Method for making soft tissue

Info

Patent number: 5743999
Type: Grant
Filed: Jun 15, 1994
Date of Patent: Apr 28, 1998
Assignee: Kimberly-Clark Worldwide, Inc. (Neenah, WI)
Inventors: Richard Joseph Kamps (Wrightstown, WI), Janica Sue Behnke (Appleton, WI), Fung-Jou Chen (Appleton, WI), Bernhardt Edward Kressner (Appleton, WI), Janice Gail Nielsen (Appleton, WI)
Primary Examiner: Peter Chin
Attorney: Gregory E. Croft
Application Number: 8/259,824

Abstract

Paper sheets, such as creped tissue sheets used for converting into tissue products such as facial tissue and bath tissue, can be softened with by passing the sheets through one or more fixed-gap noncompactive straining nips formed between two engraved rolls having partially-engaged small straining elements of a shape which strains the sheet in all directions. The straining treatment substantially reduces the rigidity of the tissue sheet by increasing the internal bulk without substantially reducing the tensile strength. The method provides a means for making a throughdried-like tissue sheet from a wet-pressed tissue sheet.

Claims

1. A method of softening a wet-pressed, creped tissue sheet comprising passing the wet-pressed, creped tissue sheet through one or more noncompactive, fixed-gap straining nips, each nip formed between two engraved rolls having partially-engaged intermeshing straining elements which noncompactively strain the tissue sheet in all directions, wherein the Average Percent Void Area of the tissue sheet is increased about 1.5 percentage points or greater per 100 grams of geometric mean tensile strength loss without an increase in the external bulk of the tissue sheet.

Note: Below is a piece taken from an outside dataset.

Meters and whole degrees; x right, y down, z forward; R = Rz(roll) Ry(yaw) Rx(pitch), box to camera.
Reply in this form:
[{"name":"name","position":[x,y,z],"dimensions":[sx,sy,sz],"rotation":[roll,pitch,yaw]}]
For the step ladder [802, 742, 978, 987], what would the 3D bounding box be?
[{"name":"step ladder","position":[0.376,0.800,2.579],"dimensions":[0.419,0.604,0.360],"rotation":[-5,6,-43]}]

2. The method of claim 1 wherein the Average Percent Void Area of the resulting tissue sheet is about 63 or greater.

3. The method of claim 1 wherein the number of straining nips is two or more.

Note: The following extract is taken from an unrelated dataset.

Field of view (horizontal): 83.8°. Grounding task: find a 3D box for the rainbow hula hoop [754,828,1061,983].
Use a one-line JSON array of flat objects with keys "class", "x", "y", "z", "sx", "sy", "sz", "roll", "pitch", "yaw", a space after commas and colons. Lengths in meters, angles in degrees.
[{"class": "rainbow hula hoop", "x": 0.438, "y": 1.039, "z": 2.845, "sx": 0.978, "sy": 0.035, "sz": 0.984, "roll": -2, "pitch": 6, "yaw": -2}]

4. The method of claim 3 wherein at least two straining nips have different degrees of engagement.

5. The method of claim 3 wherein at least two straining nips have different straining elements.

6. The method of claim 3 wherein the degree of engagement of the straining elements in a succeeding straining nip is less than the degree of engagement of the straining elements in the preceding straining nip.

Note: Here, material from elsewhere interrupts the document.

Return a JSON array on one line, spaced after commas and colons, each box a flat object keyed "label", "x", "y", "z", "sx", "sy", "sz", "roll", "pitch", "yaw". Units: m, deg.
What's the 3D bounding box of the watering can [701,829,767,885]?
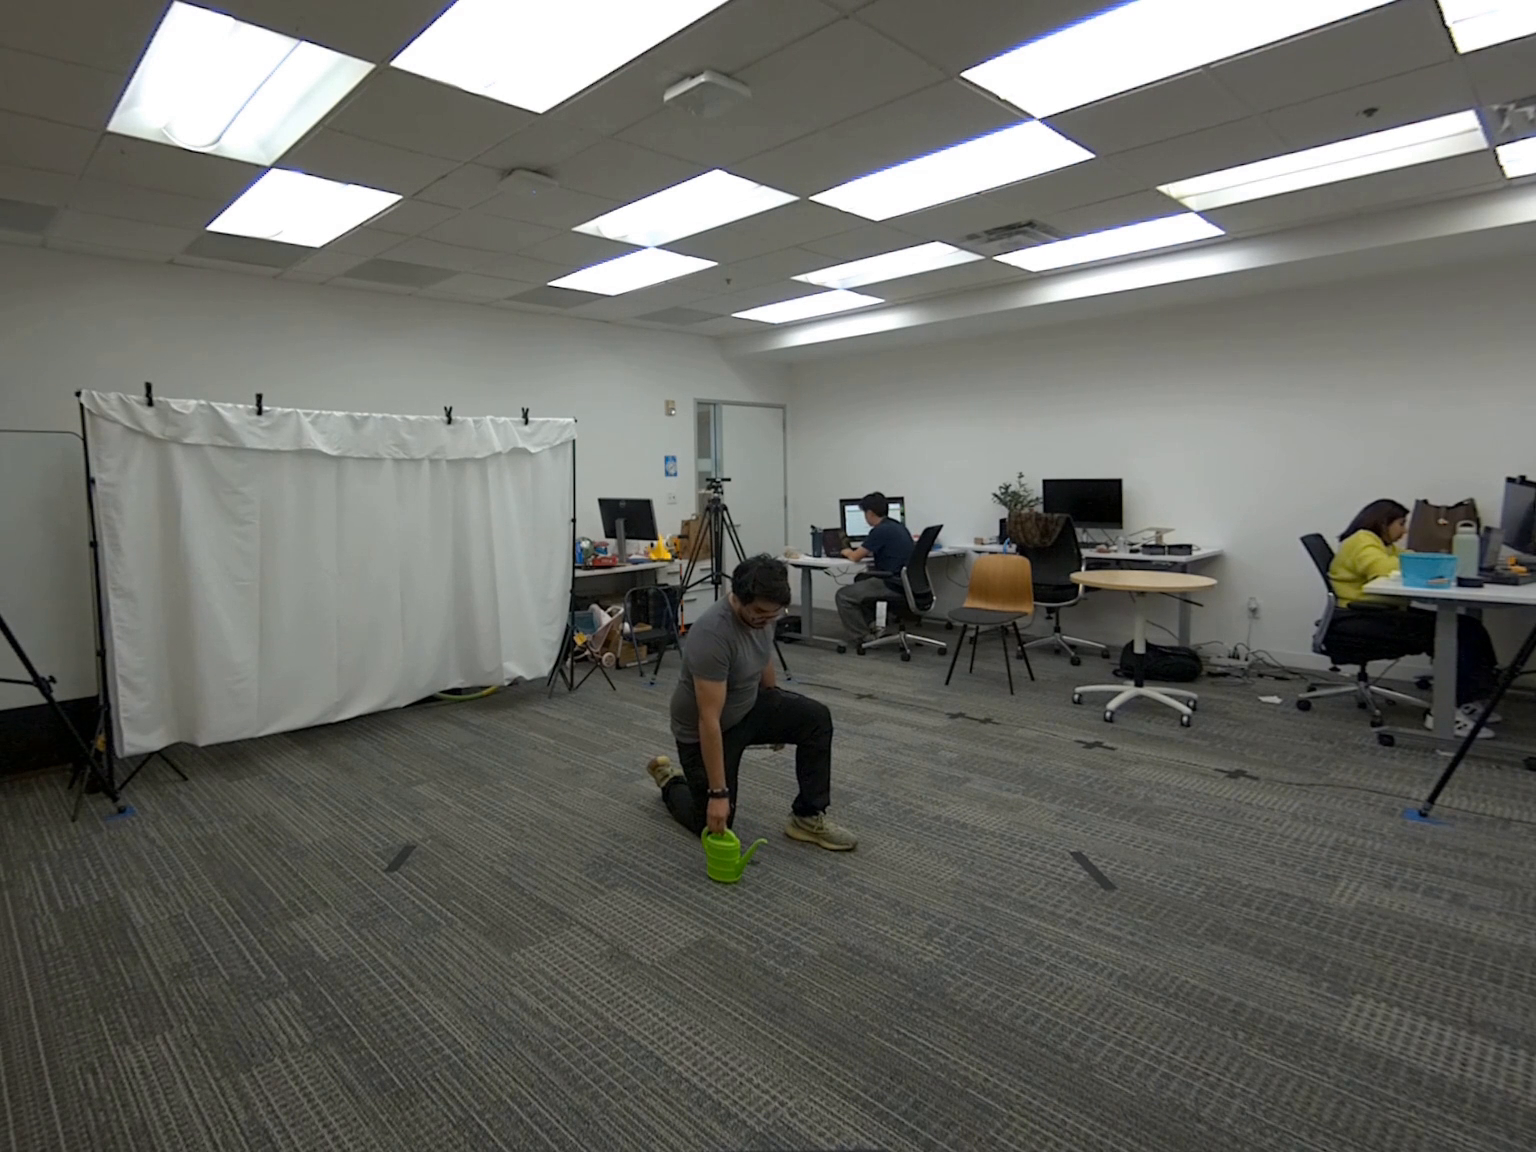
[{"label": "watering can", "x": -0.129, "y": 0.977, "z": 2.962, "sx": 0.095, "sy": 0.176, "sz": 0.287, "roll": -6, "pitch": 7, "yaw": -39}]

7. The method of claim 3 wherein the degree of engagement of the straining elements in a succeeding straining nip is about the same as the degree of engagement of the straining elements in the preceding straining nip.

8. The method of claim 3 wherein the degree of engagement of the straining elements in a succeeding straining nip is greater than the degree of engagement of the straining elements in the preceding straining nip.

9. The method of claim 1 wherein the number of straining nips is three or more.

10. The method of claim 1 wherein the number of straining nips is six or more.

11. The method of claim 1 wherein the straining elements have a round shape as viewed perpendicular to the surface of the straining roll.

12. The method of claim 1 wherein the straining elements have an oblong shape as viewed perpendicular to the surface of the straining roll.

13. The method of claim 1 wherein the number of straining elements per unit length in the circumferential direction of the straining rolls is greater than the number of straining elements per unit length in the axial direction of the straining rolls.

14. The method of claim 1 wherein the number of straining elements per unit length in the circumferential direction of the straining rolls is less than the number of straining elements per unit length in the axial direction of the straining rolls.

15. The method of claim 1 wherein the number of straining elements per unit length in the circumferential direction of the straining rolls is equal to the number of straining elements per unit length in axial direction of the straining rolls.

16. The method of claim 1 wherein the increase in the Average Percent Void Area of the tissue sheet is about 2 percentage points or greater per 100 grams of geometric mean tensile strength loss.

17. The method of claim 1 wherein the increase in the Average Percent Void Area of the tissue sheet is about 3 percentage points or greater per 100 grams of geometric mean tensile strength loss.